Le 12 janvier 2013 à 13h49 | Paul Rivard

Erik Cole en a surpris (et chagriné) plus d’un, vendredi, lorsqu’il a dit qu’il envisageait la retraite à la fin de la prochaine saison.

La surprise de ses admirateurs, dont je suis, vient assurément du fait qu’il a représenté une des rares bouffées d’air frais dans la campagne particulièrement étouffante qu’ont subi les supporters du CH l’an dernier. Pour une fois, un vétéran acquis par le Tricolore, a pleinement justifié les attentes placées en lui. Guerrier, mentor, copain et compteur, Cole a rempli tous ces rôles alors que le Bleu-Blanc-Rouge manquait tristement de couleur.

Dévasté par le conflit

Erik Cole a été déçu, voir dépité par ce conflit. «Je persiste à dire que ce conflit n’aurait jamais dû avoir lieu. C’est une honte!» a-t-il répété aux journalistes.

Ce n’est pas la première fois qu’il énonce la possibilité de se retirer. Non seulement les résultats pathétiques de son équipe, en 2012, attaquaient sa fierté au plus haut point, mais il a été dévasté par l’interminable chassé-croisé joueurs-proprios de l’automne. Au grand dam de la direction du Tricolore, il a été jusqu’à s’afficher dans les médias avec une casquette où il était écrit un message offensant à l’intention du Commissaire Gary Bettman et pour laquelle le jeu de mots n’avait pas besoin d’explication: «Puck Gary». L’image de la casquette, bien placée sur un sac portant le logo des Canadiens, a fait le tour des médias et n’a sûrement pas eu l’heur de plaire à Geoff Molson et au reste de l’état-major de l’équipe.

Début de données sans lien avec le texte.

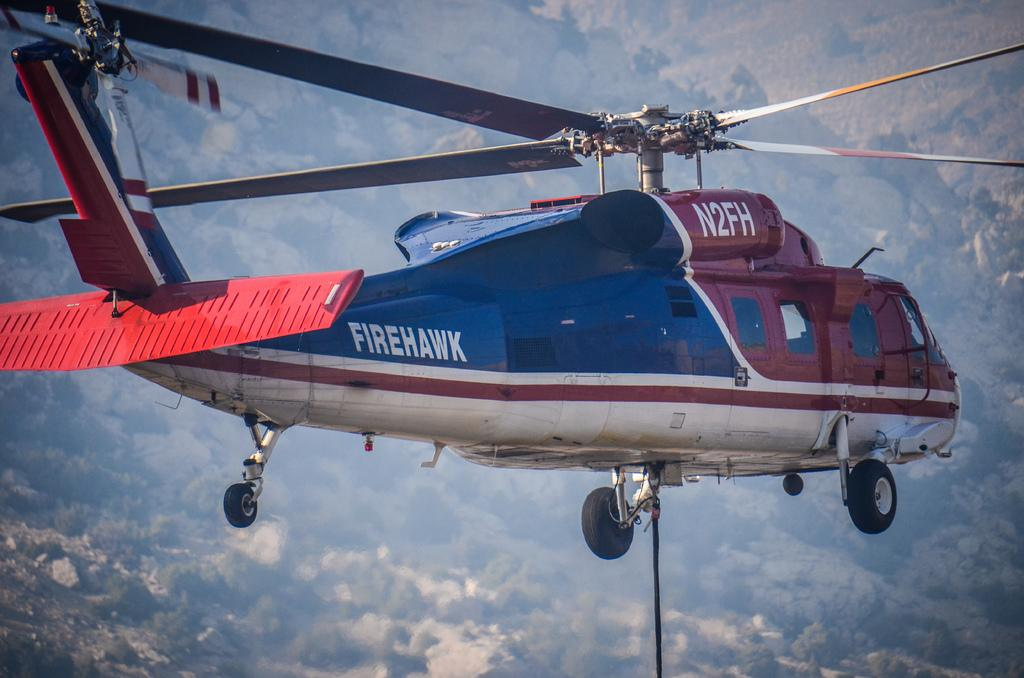<image>
Present a compact description of the photo's key features. A helicopter flying in the sky that is red on the front and blue in the back and on the back in white letters it says Firehawk. 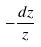Convert formula to latex. <formula><loc_0><loc_0><loc_500><loc_500>- \frac { d z } { z }</formula> 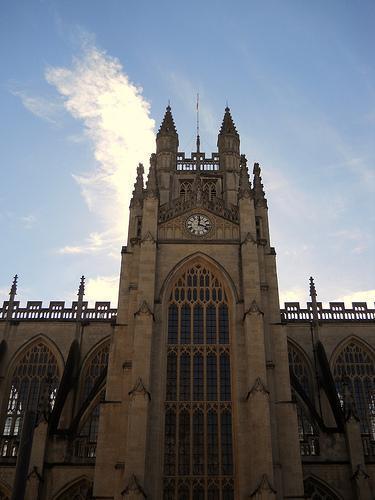How many clocks are there?
Give a very brief answer. 1.

Si la frustration des athlètes était justifiable, le fait d’associer vulgarité et emblème de l’équipe n’est jamais bien appréciée des employeurs, peu importe le conflit.

Oui, Cole a été écœuré par le conflit, au point de décrocher de cet environnement de travail qu’il a toujours aimé. Au point aussi d’apprécier la vie loin du hockey, dans le confort de son foyer, au propre comme au figuré.

«Home, sweet home»

Depuis la nuit des temps, on entend souvent dire qu’un joueur de hockey à la retraite se morfond dans sa «nouvelle vie». Habitué depuis son plus jeune âge à l’atmosphère grégaire d’une équipe de hockey, il se retrouve seul à organiser sa vie et, souvent, à travailler dur pour gagner moins, beaucoup moins d’argent.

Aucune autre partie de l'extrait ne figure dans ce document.